I am trying something with Fermat's last theorem:
Maybe I am totally wrong about this and so I wanted to post it here for you guys to try and check it.
Fermat's last theorem states that you will not find any $$x,y,z \in \mathbb{N}$$ that satisfy : $$x^n + y^n = z^n$$ where $$n>2$$ and $$n \in N$$ as well.

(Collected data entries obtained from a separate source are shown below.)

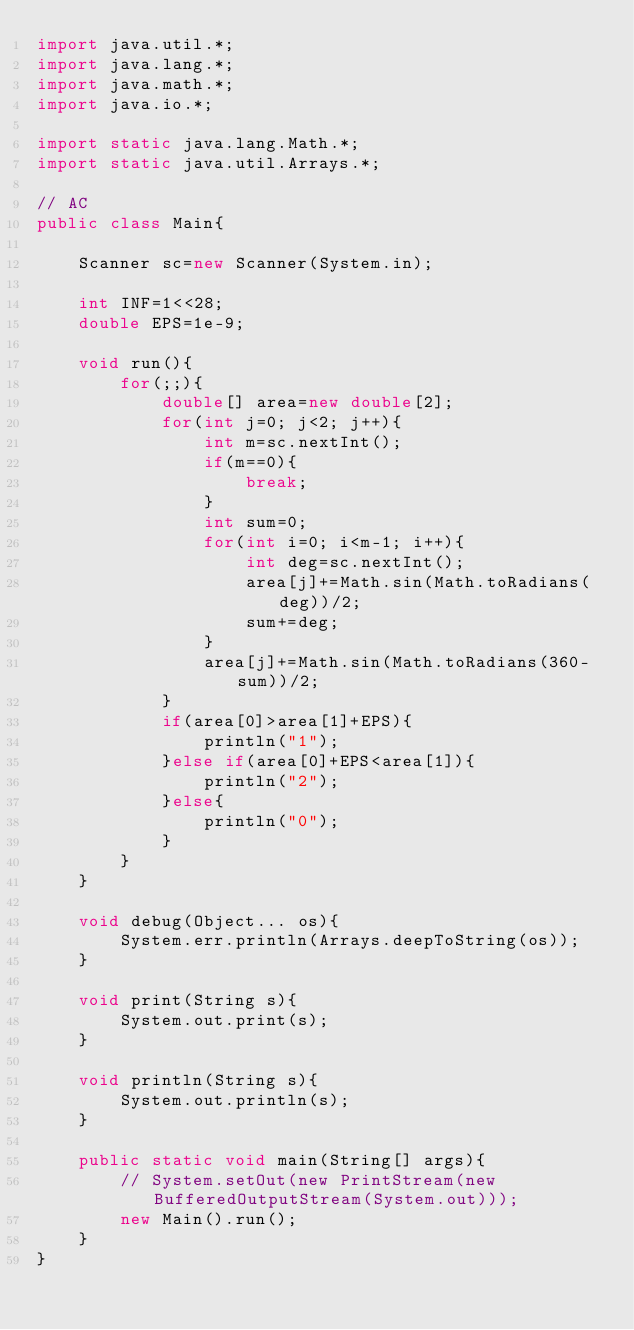<code> <loc_0><loc_0><loc_500><loc_500><_Java_>import java.util.*;
import java.lang.*;
import java.math.*;
import java.io.*;

import static java.lang.Math.*;
import static java.util.Arrays.*;

// AC
public class Main{

	Scanner sc=new Scanner(System.in);

	int INF=1<<28;
	double EPS=1e-9;

	void run(){
		for(;;){
			double[] area=new double[2];
			for(int j=0; j<2; j++){
				int m=sc.nextInt();
				if(m==0){
					break;
				}
				int sum=0;
				for(int i=0; i<m-1; i++){
					int deg=sc.nextInt();
					area[j]+=Math.sin(Math.toRadians(deg))/2;
					sum+=deg;
				}
				area[j]+=Math.sin(Math.toRadians(360-sum))/2;
			}
			if(area[0]>area[1]+EPS){
				println("1");
			}else if(area[0]+EPS<area[1]){
				println("2");
			}else{
				println("0");
			}
		}
	}

	void debug(Object... os){
		System.err.println(Arrays.deepToString(os));
	}

	void print(String s){
		System.out.print(s);
	}

	void println(String s){
		System.out.println(s);
	}

	public static void main(String[] args){
		// System.setOut(new PrintStream(new BufferedOutputStream(System.out)));
		new Main().run();
	}
}</code>

Here is what I thought about:
let $$n=t+k$$
substitute this to the equation gives us:
$$x^{t+k} + y^{t+k} = z^n$$
$$x^t x^k + y^t y^k = z^n$$
$$x^t x^k + y^t y^k = x^n + y^n$$
$$x^n ( x^{t+k-n} -1) = y^n(1-y^{t+k-n})$$
now, I know that $$t+k-n$$ is always $$0$$
and so no matter which number we choose we get that $$1 + 1 = z^a$$
$$2=z^a$$ has no solutions for $$z,a \in \mathbb{N}$$
so we get that no numbers satisfy fermat's last theorem.
Even if there were x,y that satisfy this, $$1-x^{m}$$ would be negative while $$y^{m} -1$$ would be positive.
But I can't see the mistake here...

• You lost me after "$t+k-n$ is always $0$". Could you elaborate what you have done? – Ishan Deo Jun 9 at 19:17
• @IshanDeo No matter which numbers we choose we get that 1-1=0. while that is true, I don't see how we can pick x,y and and get that $x^0 + y^0 = z^0$ (or $z^a$).. that just breaks the rule that $z \in \mathbb{N}$ or that $a \in N > 2$ – dexamol Jun 9 at 19:20
• Since $t+k-n=0$, we have $x^{t+k-n}=y^{t+k-n}=1$ so your equation just reads $0=0$. Not sure what you hope to conclude from that. – lulu Jun 9 at 19:23

Since $$t+k-n=0,$$ $$x^n(x^{t+k-n}-1)=y^n(1-y^{t+k-n})$$ means $$x^n\times 0=y^n\times 0.$$ I think you want to say $$x^n=y^n$$ from here, but that of course is not correct.